Pode-se então indagar sobre que fatores estariam por trás do súbito ímpeto por parte da classe artística em buscar alternativas autônomas a um certo circuito estabelecido – quase sempre, e compreensivelmente, pelas vias de agrupamentos, como já aventado. Percebe-se com mais intensidade, por exemplo, para além da necessidade real e palpável gerada pela escassez de locais (leia-se instituições) que equacionem a possibilidade de acesso real, prestígio, profissionalismo e que ainda permitam ao artista resguardar certa “isenção moral”, um questionamento, por assim dizer, de tons político-ideológicos norteando a atividade de alguns coletivos de artistas, apontando para uma certa “atitude”* de repúdio em relação à própria noção de instituição. Este dado ganha mais coerência quando analisado em conjunto com uma discussão que se não é de todo nova – a complexidade de relações envolvendo o binômio arte-instituição vem sendo debatida internacionalmente pelo menos desde meados dos anos 60 -, é agora investida de um novo e determinante componente: a constatação de que um certo corporativismo se instala e predomina, de modo amplo e contundente, nos principais redutos da cultura e das artes visuais (e me atenho aqui a comentar um contexto que é o que se configura hoje em São Paulo, acreditando ser, por extensão, emblemático do que pode ocorrer em outros pontos do país). Setores que tradicionalmente limitavam-se a uma relação mais distanciada, periférica mesmo, com o universo da cultura de modo geral, ultimamente parecem ter visto ali, por assim dizer, “novas possibilidades de atuação”.

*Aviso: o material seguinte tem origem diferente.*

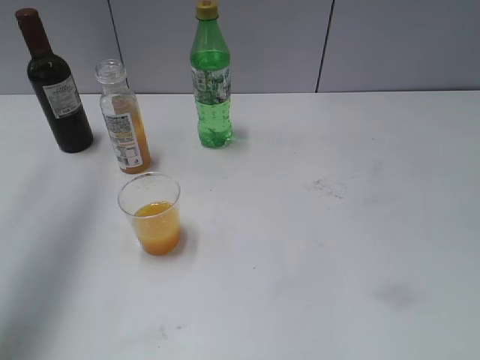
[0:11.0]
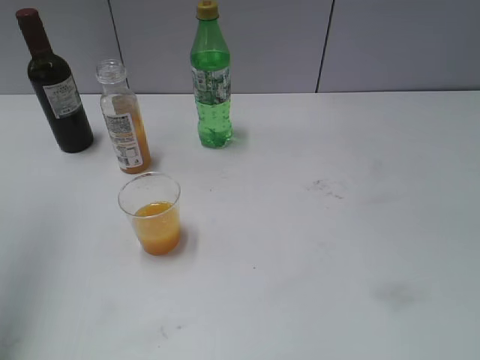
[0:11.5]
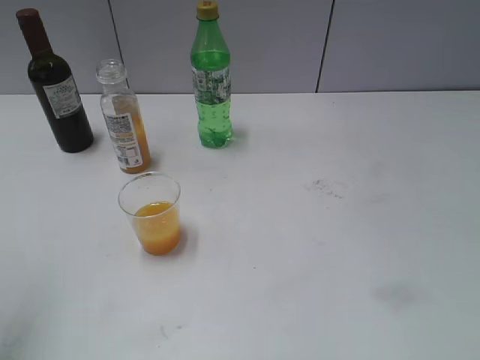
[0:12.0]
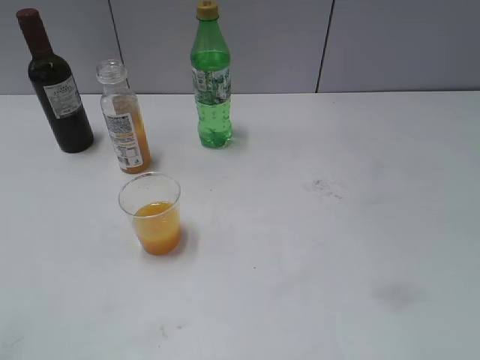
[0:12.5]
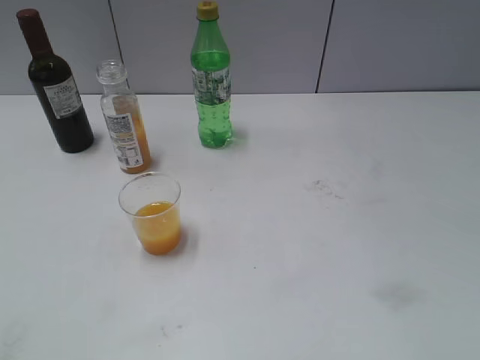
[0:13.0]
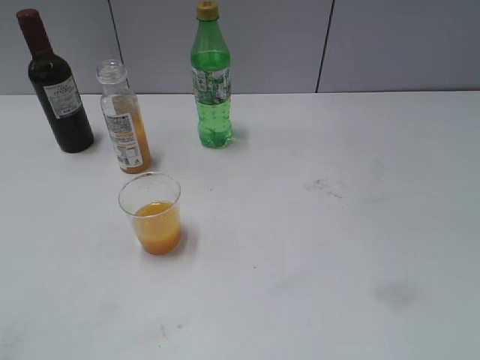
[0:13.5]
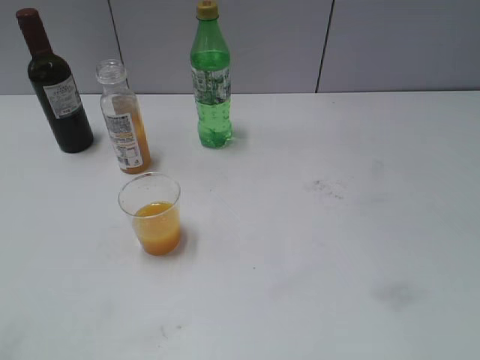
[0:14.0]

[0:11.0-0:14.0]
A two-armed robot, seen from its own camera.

Essa recente e complexa dinâmica parece ter desenhado uma reconfiguração de políticas culturais e levado a rearticulações de poder nos bastidores do cenário artístico; o que, por sua vez, se faz refletir – em graus diversos – nas necessidades que podem estar levando à proliferação de associações informais de artistas e à aparição de tantos novos espaços independentes. É certo que pode haver uma dose de especulação na construção desse raciocínio – e certamente há mais uma gama de fatores a serem considerados nesse processo que não poderiam ser agora discutidos propriamente -, mas o fato é que há uma efervescência como há muito não se via no meio das artes do Brasil, no sentido de se buscar outras vias para dar vazão à produção cultural e artística no país, além de incitar discussões que possam acenar com novas perspectivas ao contexto atual. E se a vitalidade e o frescor em princípio legítimos e salutares dessa movimentação em alguns casos ainda indique certa fragilidade ou precariedade de meios e posturas, atesta por outro lado para a necessidade de uma reflexão mais profunda e pontual acerca da gradual perda de referências no âmbito institucional da arte no país.

Guy Amado

* Essa “atitude” – que aqui associo mais a uma linha de atuação supostamente “contestatória” de alguns coletivos de artistas que aos “espaços alternativos” que eles possam gerenciar ou coordenar – segue entre aspas por freqüentemente se manifestar de modo tão intenso e contundente quanto disperso e contraditório, em termos de proposta real de atuação. Não raro parcamente apoiado em discursos de transgressão e subversão assimilados de maneira superficial e anacrônica (‘anti-instituição’, ‘anti-mercado’, ‘anti-arte’, etc, por vezes sugerindo releituras rasas de práticas situacionistas), o vigor – autêntico – dessas iniciativas corre o risco de se diluir numa retórica do vazio. É uma discussão, no entanto, que pede um aprofundamento maior, podendo talvez ser mais propriamente abordada e fundamentada em futuras edições da Número.